If you are in North America, then LH is driver's side and RH is passenger's side. With cars, the left side is always the side that is to your left when you sit in the seat facing forward.

The lock is another semi-common issue to look for. The lock motor/actuator/latch are all one and the same assembly. Some have been able to repair these, most just replace them. You could try spraying some lube into the latch before doing anything more drastic.
 
Thanks. time to pop the door panels. Should be educational.
 
pretty easy to replace... you should run into too many problems
 
Thanks. time to pop the door panels. Should be educational.

Hey can you do some of us a favor and take some pics of these door panels coming off ?

I'm notorious for breaking plastic fasteners and/or clips.

I just did both my wifes' Olds Alero door handles this weekend after picking up fresh ones from a U-Pull-It yard, ($6.99 each)
and well, let's put it this way, she missing a few clips now!

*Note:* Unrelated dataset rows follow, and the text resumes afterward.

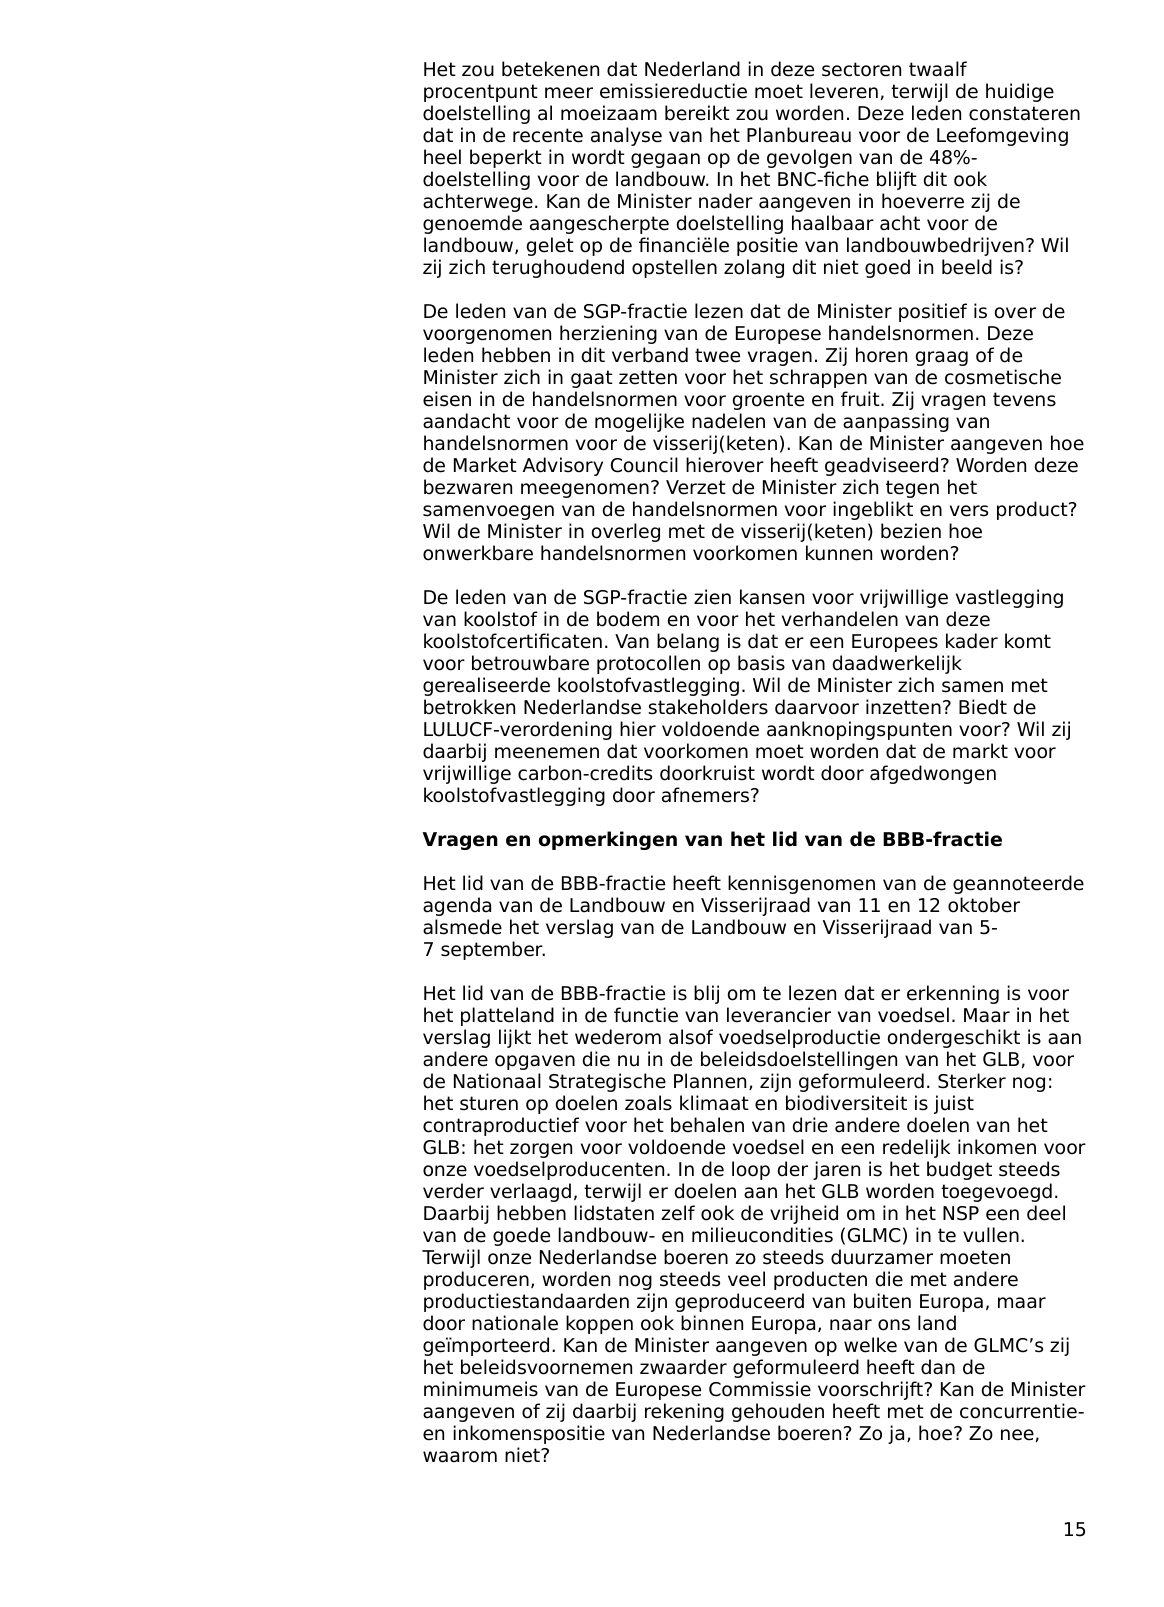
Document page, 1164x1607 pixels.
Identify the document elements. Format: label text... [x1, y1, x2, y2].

text De leden van de SGP-fractie lezen dat de Minister positief is over de voorgenomen herziening van de Europese handelsnormen. Deze leden hebben in dit verband twee vragen. Zij horen graag of de Minister zich in gaat zetten voor het schrappen van de cosmetische eisen in de handelsnormen voor groente en fruit. Zij vragen tevens aandacht voor de mogelijke nadelen van de aanpassing van handelsnormen voor de visserij(keten). Kan de Minister aangeven hoe de Market Advisory Council hierover heeft geadviseerd? Worden deze bezwaren meegenomen? Verzet de Minister zich tegen het samenvoegen van de handelsnormen voor ingeblikt en vers product? Wil de Minister in overleg met de visserij(keten) bezien hoe onwerkbare handelsnormen voorkomen kunnen worden? [422, 301, 1087, 565]
subtitle Vragen en opmerkingen van het lid van de BBB-fractie [422, 829, 1087, 851]
text Het lid van de BBB-fractie is blij om te lezen dat er erkenning is voor het platteland in de functie van leverancier van voedsel. Maar in het verslag lijkt het wederom alsof voedselproductie ondergeschikt is aan andere opgaven die nu in de beleidsdoelstellingen van het GLB, voor de Nationaal Strategische Plannen, zijn geformuleerd. Sterker nog: het sturen op doelen zoals klimaat en biodiversiteit is juist contraproductief voor het behalen van drie andere doelen van het GLB: het zorgen voor voldoende voedsel en een redelijk inkomen voor onze voedselproducenten. In de loop der jaren is het budget steeds verder verlaagd, terwijl er doelen aan het GLB worden toegevoegd. Daarbij hebben lidstaten zelf ook de vrijheid om in het NSP een deel van de goede landbouw- en milieucondities (GLMC) in te vullen. Terwijl onze Nederlandse boeren zo steeds duurzamer moeten produceren, worden nog steeds veel producten die met andere productiestandaarden zijn geproduceerd van buiten Europa, maar door nationale koppen ook binnen Europa, naar ons land geïmporteerd. Kan de Minister aangeven op welke van de GLMC’s zij het beleidsvoornemen zwaarder geformuleerd heeft dan de minimumeis van de Europese Commissie voorschrijft? Kan de Minister aangeven of zij daarbij rekening gehouden heeft met de concurrentie- en inkomenspositie van Nederlandse boeren? Zo ja, hoe? Zo nee, waarom niet? [422, 983, 1087, 1467]
text Het zou betekenen dat Nederland in deze sectoren twaalf procentpunt meer emissiereductie moet leveren, terwijl de huidige doelstelling al moeizaam bereikt zou worden. Deze leden constateren dat in de recente analyse van het Planbureau voor de Leefomgeving heel beperkt in wordt gegaan op de gevolgen van de 48%-doelstelling voor de landbouw. In het BNC-fiche blijft dit ook achterwege. Kan de Minister nader aangeven in hoeverre zij de genoemde aangescherpte doelstelling haalbaar acht voor de landbouw, gelet op de financiële positie van landbouwbedrijven? Wil zij zich terughoudend opstellen zolang dit niet goed in beeld is? [422, 59, 1087, 279]
text De leden van de SGP-fractie zien kansen voor vrijwillige vastlegging van koolstof in de bodem en voor het verhandelen van deze koolstofcertificaten. Van belang is dat er een Europees kader komt voor betrouwbare protocollen op basis van daadwerkelijk gerealiseerde koolstofvastlegging. Wil de Minister zich samen met betrokken Nederlandse stakeholders daarvoor inzetten? Biedt de LULUCF-verordening hier voldoende aanknopingspunten voor? Wil zij daarbij meenemen dat voorkomen moet worden dat de markt voor vrijwillige carbon-credits doorkruist wordt door afgedwongen koolstofvastlegging door afnemers? [422, 587, 1087, 807]
text Het lid van de BBB-fractie heeft kennisgenomen van de geannoteerde agenda van de Landbouw en Visserijraad van 11 en 12 oktober alsmede het verslag van de Landbouw en Visserijraad van 5-7 september. [422, 873, 1087, 961]

trade-off, at least the door handles work and aren't laying inside the skin.
who would have thought that behind that little reflector lens on the door, they put a Fn screw?!?! (it broke on one side)
 
The clips on the LS can take a beating.

IMAG0002_zps5bfe81c5.jpg


I've had that thing off at least a dozen times.
 
Rock auto says that a window regulator "before 07/03" is $150, whereas the "from 07/03" regulator costs $75. My vin sticker says Date 12/02. Does that mean I'm stuck for the pat thats twice as much? Wtf could the difference be?
 
One has the motor, the other is just the regulator. Oem sells the same way
 
Rock auto says that a window regulator "before 07/03" is $150, whereas the "from 07/03" regulator costs $75. My vin sticker says Date 12/02. Does that mean I'm stuck for the pat thats twice as much? Wtf could the difference be?

Sorry, by "not too expensive" I was thinking of the gen II regulator without the motor.
 
I have devised a free fix which is accomlished by taping thumbtacks to the window switches.
 
I have devised a free fix which is accomlished by taping thumbtacks to the window switches.

Less entertaining, but you could just disconnect the wiring to the motor.
 
its a 2003 (Gen 2) but the Date on the sticker in the door jamb says 12/02. Must have been one of the first off the lines
 
Okay, so you have a 2003. You should have gen II window regulators, but with the 03 model, that may not be certain. It would be best if you took a look at your existing regulator before ordering a new one. Does it have a smart motor (gen II) or not on it?
 
I'm betting this was some manufacturing eff up on behalf of Ford/Lincoln that we the unfortunate consumer now pay for in the way of increased price for limited stock of parts that were only used on the line for 8 months.
 
I'm betting this was some manufacturing eff up on behalf of Ford/Lincoln that we the unfortunate consumer now pay for in the way of increased price for limited stock of parts that were only used on the line for 8 months.

The LS was only made for six years, it shares very few parts with any other cars, and they didn't sell very many of them. We're all screwed on parts.
 
Well, right now when I auto-roll the window up from any position, it will clunk as it gets to the very top/closed position, then roll itself back down to the position it started at (clunking on the way down, too). I am having to feather it up to the closed position without the auto-function.

IMO anything that acts so dumb is usually a broken something smart.

But I will let you know for sure when I get in there.
 
Well, right now when I auto-roll the window up from any position, it will clunk as it gets to the very top/closed position, then roll itself back down to the position it started at (clunking on the way down, too). I am having to feather it up to the closed position without the auto-function.

IMO anything that acts so dumb is usually a broken something smart.

But I will let you know for sure when I get in there.

This may not work since you have a mechanical problem, but give it a try.

Roll the window all the way down. Press the up button fully and hold it. Keep holding it until a few seconds after the window is fully closed. This will reset/recalibrate the current limit in the smart motor.